» ABOUT THIS EXERCISE
In your transcription, keep every record exact and leave out the pictures.

» DATA PROVIDED
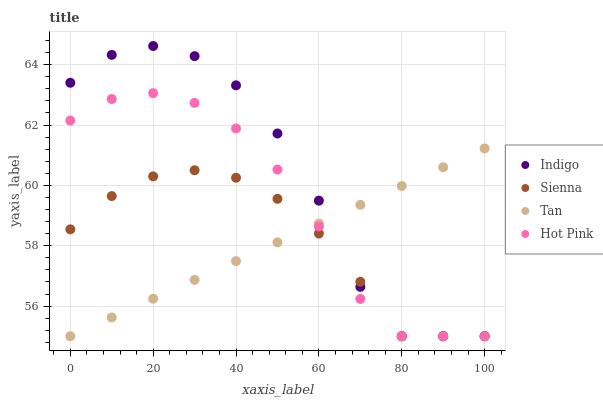Does Tan have the minimum area under the curve?
Answer yes or no. Yes. Does Indigo have the maximum area under the curve?
Answer yes or no. Yes. Does Hot Pink have the minimum area under the curve?
Answer yes or no. No. Does Hot Pink have the maximum area under the curve?
Answer yes or no. No. Is Tan the smoothest?
Answer yes or no. Yes. Is Indigo the roughest?
Answer yes or no. Yes. Is Hot Pink the smoothest?
Answer yes or no. No. Is Hot Pink the roughest?
Answer yes or no. No. Does Sienna have the lowest value?
Answer yes or no. Yes. Does Indigo have the highest value?
Answer yes or no. Yes. Does Tan have the highest value?
Answer yes or no. No. Does Tan intersect Sienna?
Answer yes or no. Yes. Is Tan less than Sienna?
Answer yes or no. No. Is Tan greater than Sienna?
Answer yes or no. No.

» EXERCISE ANSWER
Does Tan have the minimum area under the curve?
Answer yes or no. Yes. Does Indigo have the maximum area under the curve?
Answer yes or no. Yes. Does Hot Pink have the minimum area under the curve?
Answer yes or no. No. Does Hot Pink have the maximum area under the curve?
Answer yes or no. No. Is Tan the smoothest?
Answer yes or no. Yes. Is Indigo the roughest?
Answer yes or no. Yes. Is Hot Pink the smoothest?
Answer yes or no. No. Is Hot Pink the roughest?
Answer yes or no. No. Does Sienna have the lowest value?
Answer yes or no. Yes. Does Indigo have the highest value?
Answer yes or no. Yes. Does Tan have the highest value?
Answer yes or no. No. Does Tan intersect Sienna?
Answer yes or no. Yes. Is Tan less than Sienna?
Answer yes or no. No. Is Tan greater than Sienna?
Answer yes or no. No.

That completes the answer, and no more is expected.